>>>>>
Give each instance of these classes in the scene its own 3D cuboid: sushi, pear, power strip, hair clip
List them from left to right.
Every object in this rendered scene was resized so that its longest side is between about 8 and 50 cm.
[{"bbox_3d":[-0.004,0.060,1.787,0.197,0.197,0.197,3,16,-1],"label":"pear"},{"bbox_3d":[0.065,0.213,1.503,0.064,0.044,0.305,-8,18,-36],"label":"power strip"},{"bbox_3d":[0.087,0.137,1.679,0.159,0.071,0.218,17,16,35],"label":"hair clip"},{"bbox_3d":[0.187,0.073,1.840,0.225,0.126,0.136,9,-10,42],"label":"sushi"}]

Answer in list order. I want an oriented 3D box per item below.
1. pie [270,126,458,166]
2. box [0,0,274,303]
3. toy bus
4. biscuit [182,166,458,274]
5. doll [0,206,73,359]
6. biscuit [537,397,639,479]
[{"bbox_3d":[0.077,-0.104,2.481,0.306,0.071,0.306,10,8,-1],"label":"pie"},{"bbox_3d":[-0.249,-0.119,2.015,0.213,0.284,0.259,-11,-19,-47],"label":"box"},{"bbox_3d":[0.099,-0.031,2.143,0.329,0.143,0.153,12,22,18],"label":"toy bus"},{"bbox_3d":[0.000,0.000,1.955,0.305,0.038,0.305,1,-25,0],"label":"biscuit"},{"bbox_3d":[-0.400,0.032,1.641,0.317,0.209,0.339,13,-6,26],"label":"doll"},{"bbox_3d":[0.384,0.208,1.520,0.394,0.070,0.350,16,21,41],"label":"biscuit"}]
<<<<<
**TASK TO CARRY OUT**
Line by line, please copy the listing exactly.

**EXERCISE OUTPUT**
Give each instance of these classes in the scene its own 3D cuboid: sushi, pear, power strip, hair clip
List them from left to right.
Every object in this rendered scene was resized so that its longest side is between about 8 and 50 cm.
[{"bbox_3d":[-0.004,0.060,1.787,0.197,0.197,0.197,3,16,-1],"label":"pear"},{"bbox_3d":[0.065,0.213,1.503,0.064,0.044,0.305,-8,18,-36],"label":"power strip"},{"bbox_3d":[0.087,0.137,1.679,0.159,0.071,0.218,17,16,35],"label":"hair clip"},{"bbox_3d":[0.187,0.073,1.840,0.225,0.126,0.136,9,-10,42],"label":"sushi"}]

Answer in list order. I want an oriented 3D box per item below.
1. pie [270,126,458,166]
2. box [0,0,274,303]
3. toy bus
4. biscuit [182,166,458,274]
5. doll [0,206,73,359]
6. biscuit [537,397,639,479]
[{"bbox_3d":[0.077,-0.104,2.481,0.306,0.071,0.306,10,8,-1],"label":"pie"},{"bbox_3d":[-0.249,-0.119,2.015,0.213,0.284,0.259,-11,-19,-47],"label":"box"},{"bbox_3d":[0.099,-0.031,2.143,0.329,0.143,0.153,12,22,18],"label":"toy bus"},{"bbox_3d":[0.000,0.000,1.955,0.305,0.038,0.305,1,-25,0],"label":"biscuit"},{"bbox_3d":[-0.400,0.032,1.641,0.317,0.209,0.339,13,-6,26],"label":"doll"},{"bbox_3d":[0.384,0.208,1.520,0.394,0.070,0.350,16,21,41],"label":"biscuit"}]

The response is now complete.